= Heurikon =

The Heurikon Corporation was a microcomputer design and manufacturing company founded in Madison, Wisconsin in 1972. It provided microprocessors, hardware, and imaging equipment for medical and scientific applications, including notably during efforts to locate the wreck of the Titanic in 1985. Their products included custom microcomputer systems and plug-in microcomputer boards.

== Early history ==

Early customers included Oscar Mayer (Madison, WI), the Arrow Sign Corporation (Chicago, IL), Cuenique Billiards (Madison, WI) and Butler Manufacturing. Early products were based on the Zilog Z80 microprocessor, the Intel 8080 and the Motorola 68000 series of microprocessors.

== Use in locating the RMS Titanic ==

In 1985, Heurikon was involved in the joint effort by the United States and France to locate the sunken RMS Titanic. The equipment used for the project included a Heurikon HK68 along with three image processing boards, and processors and buffers made by a company called Imaging Technology. This hardware was used by the Woods Hole Oceanographic Institution to process the first images seen of the sunken ship.

== Growth and further uses ==

According to NASA Tech Briefs in 1989, Heurikon had been included in list of the top 500 fastest-growing privately owned U.S. companies compiled by Inc. Magazine six times. It was also providing processors for the U.S. National Archives in Washington, D.C. to record its collection.

In the 1990s, a major customer was TransCore (Norcross, GA) and the City Of New York for whom Heurikon designed and built the interface hardware for over 10,000 traffic lights in the five NYC boroughs.

In the mid-2000s, Heurikon VME bus boards were used by NASA in International Space Station EXPRESS rack suitcase simulators that payload developers around the world could use to pre-test their scientific payloads destined for the space station.

== Products ==

Heurikon's hardware included a line of 8-bit Multibus boards introduced in the early 1980s, and later microcomputers using the Motorola 68000 microprocessor in the 1980s.
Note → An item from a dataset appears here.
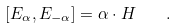Convert formula to latex. <formula><loc_0><loc_0><loc_500><loc_500>\left [ E _ { \alpha } , E _ { - \alpha } \right ] = \alpha \cdot H \quad .</formula>

The company offered several operating systems and development environments, including Unix, VxWorks, Hunter Ready VRTX and OS-9.

== Sale ==

In 1994, Heurikon (a privately held company) was sold to Computer Products Incorporated (CPI, Florida) and was renamed as the Artesyn Corporation. When the company was sold, there were four shareholders and annual sales had grown to over 20 million dollars.

Later, Artesyn was bought by Emerson Electric.